No hice ningún esfuerzo por avanzar; me sentía vacío y repentinamente empecé a padecer una resaca prematura. Manfred se reunió con nosotros en el coche y regresamos a su casa prácticamente en silencio. Pregunté por la bomba y Goering me informó que los hombres de Bale se habían hecho cargo de ella.
—Dígales que la arrojen al mar —sugerí.
Cuando llegamos a la villa, vi que alguien nos esperaba en los peldaños de la entrada. Reconocí la robusta figura de Bale, con su cabeza excesivamente pequeña. Ni le miré cuando apoyó una mano en el hombro de Hermann.
Entré en el comedor, me serví una bebida fuerte que cogí del aparador y me senté.

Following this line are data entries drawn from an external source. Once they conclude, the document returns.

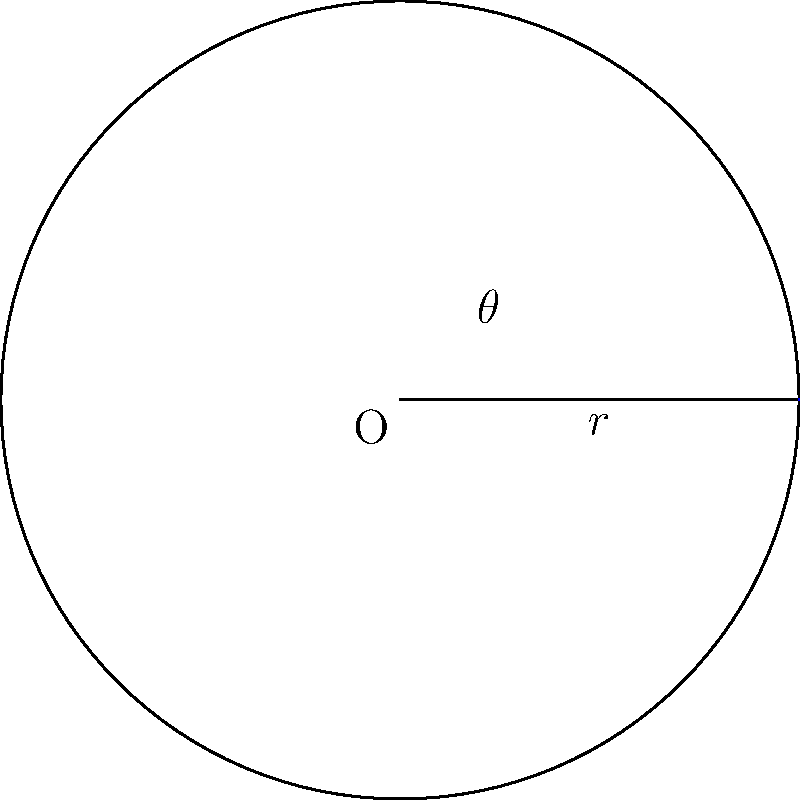In honor of Anatoliy Smirnov's groundbreaking work on circular geometry, consider a circle with radius $r = 3$ cm and a central angle $\theta = 2.1$ radians. Calculate the area of the sector formed by this angle, rounding your answer to two decimal places. Let's approach this step-by-step, as Anatoliy would have:

1) The formula for the area of a sector is:

   $A = \frac{1}{2}r^2\theta$

   Where $A$ is the area, $r$ is the radius, and $\theta$ is the central angle in radians.

2) We are given:
   $r = 3$ cm
   $\theta = 2.1$ radians

3) Let's substitute these values into our formula:

   $A = \frac{1}{2}(3\text{ cm})^2(2.1\text{ rad})$

4) First, let's calculate $r^2$:
   
   $(3\text{ cm})^2 = 9\text{ cm}^2$

5) Now our equation looks like:

   $A = \frac{1}{2}(9\text{ cm}^2)(2.1\text{ rad})$

6) Multiply:
   
   $A = 9.45\text{ cm}^2$

7) Rounding to two decimal places:

   $A \approx 9.45\text{ cm}^2$
Answer: $9.45\text{ cm}^2$ 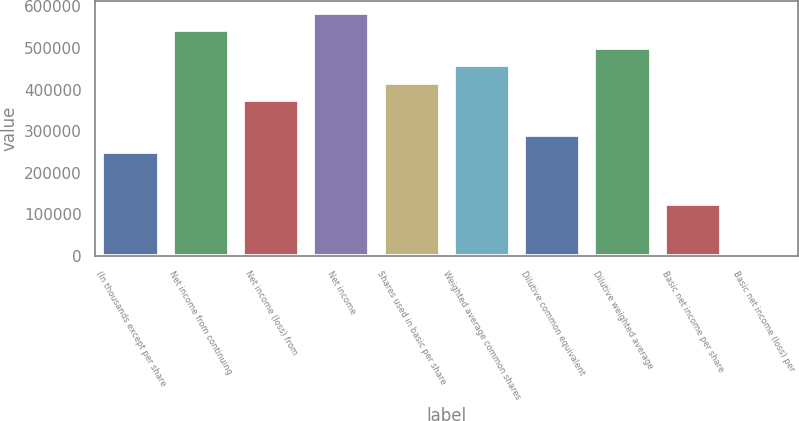Convert chart to OTSL. <chart><loc_0><loc_0><loc_500><loc_500><bar_chart><fcel>(In thousands except per share<fcel>Net income from continuing<fcel>Net income (loss) from<fcel>Net income<fcel>Shares used in basic per share<fcel>Weighted average common shares<fcel>Dilutive common equivalent<fcel>Dilutive weighted average<fcel>Basic net income per share<fcel>Basic net income (loss) per<nl><fcel>250178<fcel>542052<fcel>375267<fcel>583748<fcel>416963<fcel>458659<fcel>291874<fcel>500356<fcel>125089<fcel>0.1<nl></chart> 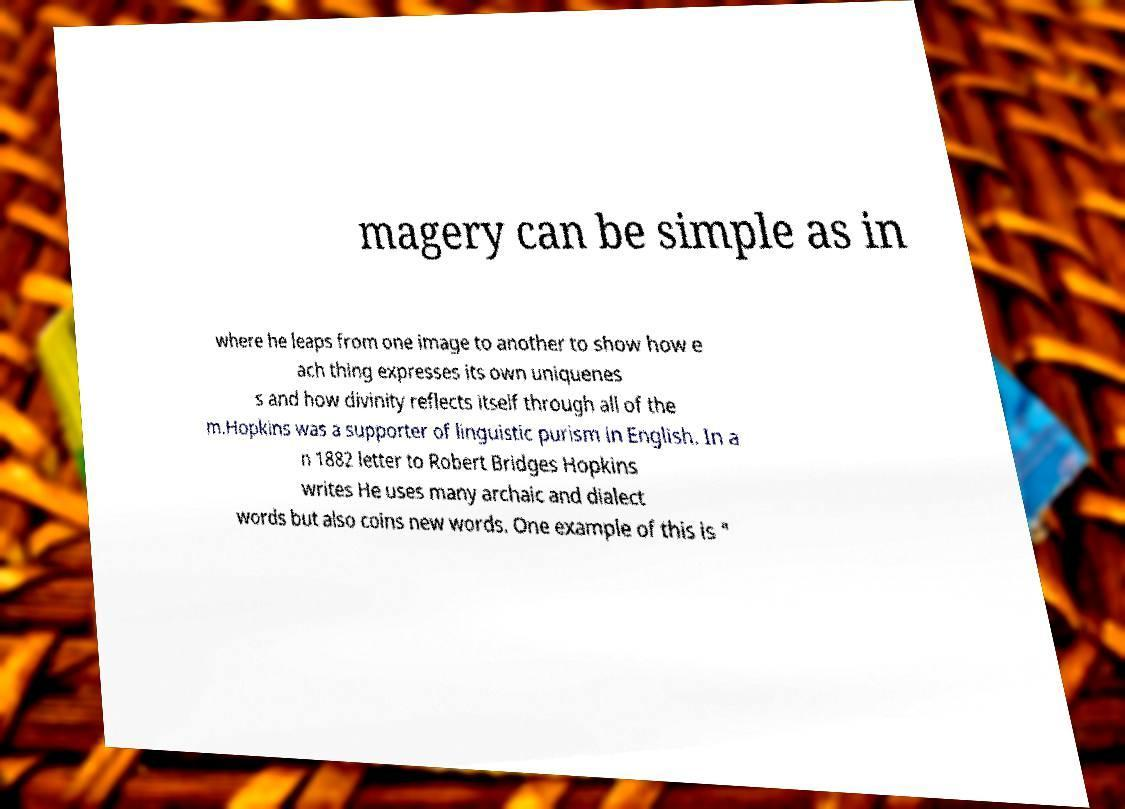For documentation purposes, I need the text within this image transcribed. Could you provide that? magery can be simple as in where he leaps from one image to another to show how e ach thing expresses its own uniquenes s and how divinity reflects itself through all of the m.Hopkins was a supporter of linguistic purism in English. In a n 1882 letter to Robert Bridges Hopkins writes He uses many archaic and dialect words but also coins new words. One example of this is " 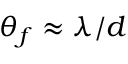Convert formula to latex. <formula><loc_0><loc_0><loc_500><loc_500>\theta _ { f } \approx \lambda / d</formula> 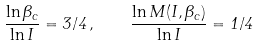Convert formula to latex. <formula><loc_0><loc_0><loc_500><loc_500>\frac { \ln \Theta _ { c } } { \ln I } = 3 / 4 \, , \quad \frac { \ln M ( I , \Theta _ { c } ) } { \ln I } = 1 / 4</formula>

Los demás llegaron pisándome los talones. Conversaban. Me pregunté dónde habría estado Bale toda la noche.
Bale se sentó y me observó. Quería saber todo con respecto al ataque. Parecía aceptar las noticias serena pero amargamente. Me miró y frunció los labios:
—El señor Goering me ha dicho que durante la refriega comportó usted muy satisfactoriamente, señor Bayard. Tal vez me haya apresurado en mi juicio sobre su persona.
—¿A quién demonios le importa lo que usted piensa, dale? —estallé—. ¿Dónde estaba usted cuando el plomo se derretía? ¿Debajo de la alfombra?
Bale se puso blanco como un papel. Se levantó de la silla y abandonó, ofendido, la habitación. Goering carraspeó y Manfred me lanzó una mirada extraña cuando se levantó para cumplir su obligación de anfitrión y acompañar a Bale hasta la puerta.
—No es fácil relacionarse con el inspector Bale —afirmó Hermann—. Comprendo lo que usted siente. Considero que debo informarle que se enfrenta a uno de los hombres más diestros con el sable y la pistola. No tome ninguna decisión apresurada…
—¿De qué decisión me habla? —inquirí.
—Ya tiene usted una herida dolorosa. No podemos permitir que se debilite en este momento crítico. ¿Está plenamente seguro de su destreza con una pistola?
—¿Qué herida? —quise saber—. ¿Se refiere a mi cuello?
Levanté la mano para tocarme e hice un gesto de dolor: tenía una cavidad profunda, cubierta de sangre seca. En ese momento me di cuenta de que la espalda de mi chaqueta estaba empapada. Aquel fallo aproximado había sido más próximo de lo que yo creía.
—Espero que nos conceda a Manfred y a mí el honor de apadrinarle —continuó Hermann—, y tal vez aconsejarle…
—¿A qué se refiere, Hermann? —pregunté—. ¿Qué quiere decir… apadrinarme?
Goering parecía confundido:
—Queremos estar a su lado en su encuentro con Bale.
—¿Mi encuentro con Bale? —repetí.
Era consciente de que no me mostraba excesivamente brillante. Comencé a comprender lo asqueroso que me sentía. Goering se detuvo y me miró.
—El inspector Bale es un hombre muy sensible en cuanto a su dignidad personal. Le ha puesto usted como un trapo sucio ante testigos, y se lo tenía merecido, pero sin duda alguna exigirá una satisfacción. —Comprendió que yo aún no entendía cabalmente—. Bale le retará a un duelo, Brion —aseguró—. Tendrá que enfrentarse con él.